The web UI (also known as Spark UI) is the web interface for running Spark applications to monitor the execution of jobs on a web browser such as Firefox or Google Chrome. When a SparkContext launches, a web UI that displays useful information about the application gets started on port 4040 in standalone mode. The Spark web UI is available in different ways depending on whether the application is still running or has finished its execution.
Also, you can use the web UI after the application has finished its execution by persisting all the events using EventLoggingListener. The EventLoggingListener, however, cannot work alone, and the incorporation of the Spark history server is required. Combining these two features, the following facilities can be achieved:
- A list of scheduler stages and tasks
- A summary of RDD sizes
- Memory usage
- Environmental information
- Information about the running executors
You can access the UI at http://<driver-node>:4040 in a web browser. For example, a Spark job submitted and running as a standalone mode can be accessed at http://localhost:4040.
As long as the job is running, stages can be observed on Spark UI. However, to view the web UI after the job has finished the execution, you could try setting spark.eventLog.enabled as true before submitting your Spark jobs. This forces Spark to log all the events to be displayed in the UI that are already persisted on storage such as local filesystem or HDFS.
In the previous chapter, we saw how to submit a Spark job to a cluster. Let's reuse one of the commands for submitting the k-means clustering, as follows:
# Run application as standalone mode on 8 cores
SPARK_HOME/bin/spark-submit
--class org.apache.spark.examples.KMeansDemo
--master local[8]
KMeansDemo-0.1-SNAPSHOT-jar-with-dependencies.jar
Saratoga_NY_Homes.txt
If you submit the job using the preceding command, you will not be able to see the status of the jobs that have finished the execution, so to make the changes permanent, use the following two options:
spark.eventLog.enabled=true
spark.eventLog.dir=file:///home/username/log"
By setting the preceding two configuration variables, we asked the Spark driver to make the event logging enabled to be saved at file:///home/username/log.
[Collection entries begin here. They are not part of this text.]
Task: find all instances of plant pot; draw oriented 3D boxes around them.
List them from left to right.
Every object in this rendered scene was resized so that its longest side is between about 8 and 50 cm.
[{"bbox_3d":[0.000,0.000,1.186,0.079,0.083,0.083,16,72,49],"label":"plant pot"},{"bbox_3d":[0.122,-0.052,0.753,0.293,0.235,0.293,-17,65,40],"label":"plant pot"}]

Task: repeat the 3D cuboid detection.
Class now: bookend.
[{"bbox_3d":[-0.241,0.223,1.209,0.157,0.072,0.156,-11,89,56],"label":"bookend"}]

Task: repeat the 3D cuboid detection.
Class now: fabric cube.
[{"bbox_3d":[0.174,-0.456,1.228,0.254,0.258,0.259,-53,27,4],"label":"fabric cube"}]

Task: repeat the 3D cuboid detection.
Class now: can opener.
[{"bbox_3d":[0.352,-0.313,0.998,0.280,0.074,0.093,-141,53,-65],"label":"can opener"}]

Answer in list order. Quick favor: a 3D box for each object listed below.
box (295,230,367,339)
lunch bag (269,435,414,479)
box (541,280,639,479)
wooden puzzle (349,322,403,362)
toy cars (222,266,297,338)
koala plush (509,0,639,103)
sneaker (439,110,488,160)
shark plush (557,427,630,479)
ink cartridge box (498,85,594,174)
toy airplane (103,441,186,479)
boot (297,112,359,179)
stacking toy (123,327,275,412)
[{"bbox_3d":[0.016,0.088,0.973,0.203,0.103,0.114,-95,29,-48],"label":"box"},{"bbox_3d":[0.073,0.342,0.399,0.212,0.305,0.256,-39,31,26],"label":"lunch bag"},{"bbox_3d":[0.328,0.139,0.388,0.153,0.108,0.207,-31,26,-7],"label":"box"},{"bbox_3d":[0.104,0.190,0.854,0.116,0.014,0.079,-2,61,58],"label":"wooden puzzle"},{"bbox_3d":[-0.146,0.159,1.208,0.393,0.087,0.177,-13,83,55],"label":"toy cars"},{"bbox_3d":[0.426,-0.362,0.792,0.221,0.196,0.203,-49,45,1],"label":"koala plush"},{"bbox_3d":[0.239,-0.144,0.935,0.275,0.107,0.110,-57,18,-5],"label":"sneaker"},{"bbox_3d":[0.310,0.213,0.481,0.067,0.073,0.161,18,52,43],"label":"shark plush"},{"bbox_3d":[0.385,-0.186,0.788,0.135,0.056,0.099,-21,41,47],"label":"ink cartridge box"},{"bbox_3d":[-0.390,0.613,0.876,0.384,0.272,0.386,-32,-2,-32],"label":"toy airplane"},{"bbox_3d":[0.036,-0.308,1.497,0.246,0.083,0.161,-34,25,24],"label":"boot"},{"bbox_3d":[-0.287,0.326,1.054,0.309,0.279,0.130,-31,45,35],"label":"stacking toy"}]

In summary, with the following changes, your submitting command will be as follows:
# Run application as standalone mode on 8 cores
SPARK_HOME/bin/spark-submit
--conf "spark.eventLog.enabled=true"
--conf "spark.eventLog.dir=file:///tmp/test"
--class org.apache.spark.examples.KMeansDemo
--master local[8]
KMeansDemo-0.1-SNAPSHOT-jar-with-dependencies.jar
Saratoga_NY_Homes.txt
As shown in the preceding screenshot, Spark web UI provides the following tabs:
- Jobs
- Stages
- Storage
- Environment
- Executors
- SQL
It is to be noted that all the features may not be visible at once as they are lazily created on demand, for example, while running a streaming job.